Among the numerous molecules that are being studied for their potential utility as biomarkers of cardiovascular diseases, much interest has been shown in the superfamily of tumor necrosis factor (TNF) receptors. Members of this family include osteoprotegerin (OPG) and its ligands, which are receptor activators of nuclear factor κB ligand (RANKL) and TNF-related apoptosis-inducing ligand (TRAIL). These signals may be expressed and regulated, and their functions could be involved in several physiological and pathological processes. The relationship between bone regulatory proteins and vascular biology has attracted attention, and it has been suggested that OPG may mediate vascular calcification and cardiometabolic diseases. OPG is steadily released from vascular endothelial cells in response to inflammatory stimuli, suggesting that it plays a modulatory role in vascular injury, inflammation, and atherosclerosis. Vascular calcification, a hallmark of atherosclerosis, is similar to bone remodeling. It is an actively regulated mechanism that includes both inductive and inhibitory processes. There is a temporal link between the development of osteoporosis and vascular calcification, which is particularly marked in post-menopausal women and the elderly. The precise nature of the link between bone metabolism, vascular calcification and cardiovascular disease is largely unknown but increasing evidence suggests that the triad of RANK/RANKL/OPG may be important in the initiation of various diseases. An increased release of OPG is associated with increased cardiovascular risk and it is suggested that increased OPG levels resulting from vascular damage correspond to a protective mechanism. Circulating OPG levels could be used as independent biomarkers of cardiovascular disease in patients with acute or chronic cardiometabolic disease and thus an improved prognosis.

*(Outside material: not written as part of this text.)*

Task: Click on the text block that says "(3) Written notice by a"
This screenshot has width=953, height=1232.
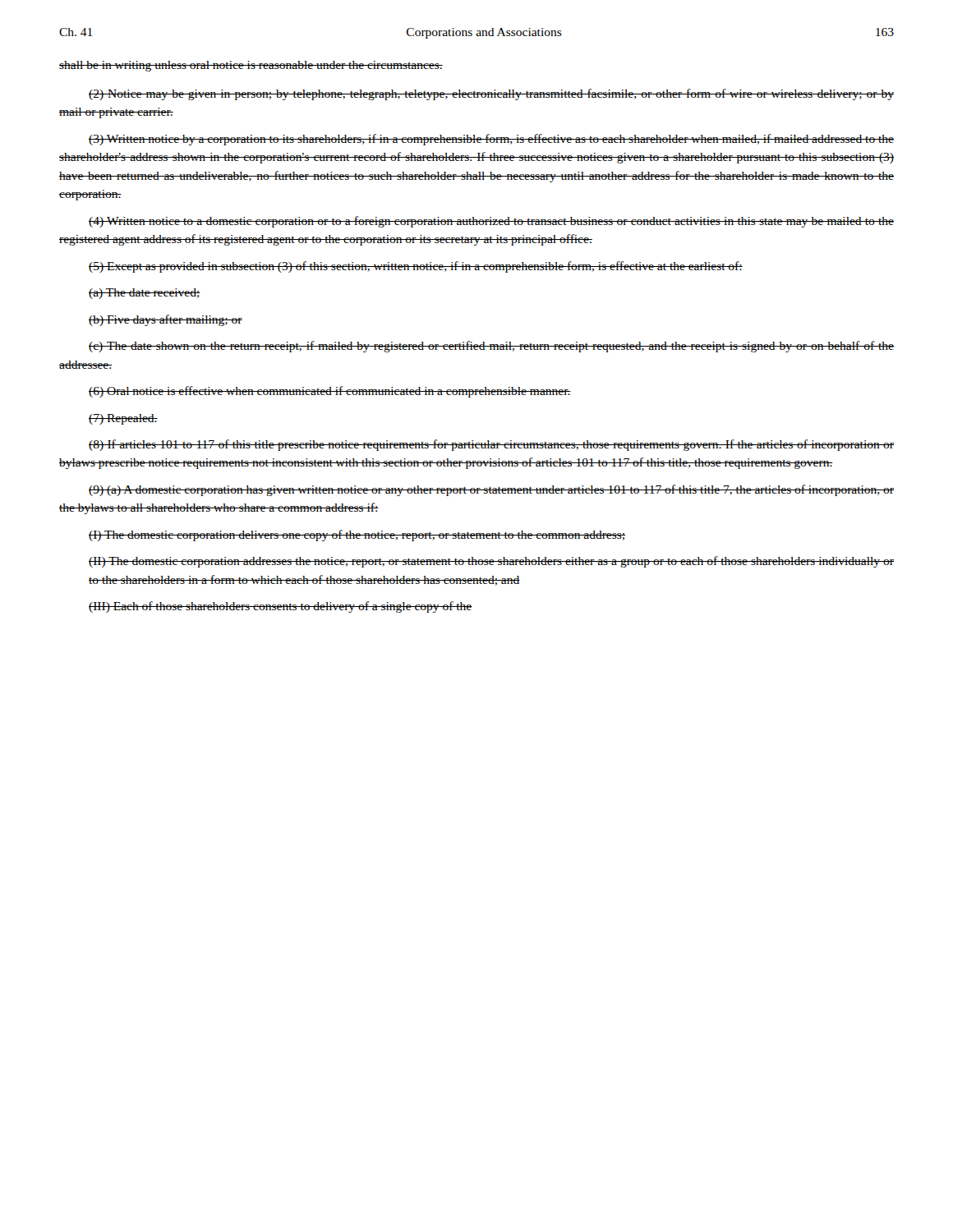Action: pos(476,166)

在被研究作为心血管疾病生物标记物的潜在用途的众多分子中，对肿瘤坏死因子（TNF）受体的超家族表现出了极大的兴趣。该家族的成员包括骨保护素（OPG）及其配体，它们是核因子κB配体（RANKL）和TNF相关凋亡诱导配体（TRAIL）的受体激活剂。这些信号可以被表达和调节，并且它们的功能可能涉及几个生理和病理过程。骨调节蛋白与血管生物学之间的关系已引起人们的关注，并且有人提出OPG可能介导血管钙化和心脏代谢疾病。响应炎症刺激，OPG从血管内皮细胞稳定释放，提示它在血管损伤，炎症和动脉粥样硬化中起调节作用。血管钙化是动脉粥样硬化的标志，与骨骼重塑相似。它是一种主动调节的机制，包括诱导过程和抑制过程。骨质疏松症的发展与血管钙化之间存在时间联系，这在绝经后妇女和老年人中尤为明显。骨代谢，血管钙化和心血管疾病之间联系的确切性质在很大程度上尚不清楚，但越来越多的证据表明，RANK / RANKL / OPG三联征可能在引发各种疾病中起重要作用。OPG释放增加与心血管风险增加有关，提示血管损伤导致OPG水平升高与保护机制相对应。循环OPG水平可用作急性或慢性心脏代谢性疾病患者心血管疾病的独立生物标志物，因此可改善预后。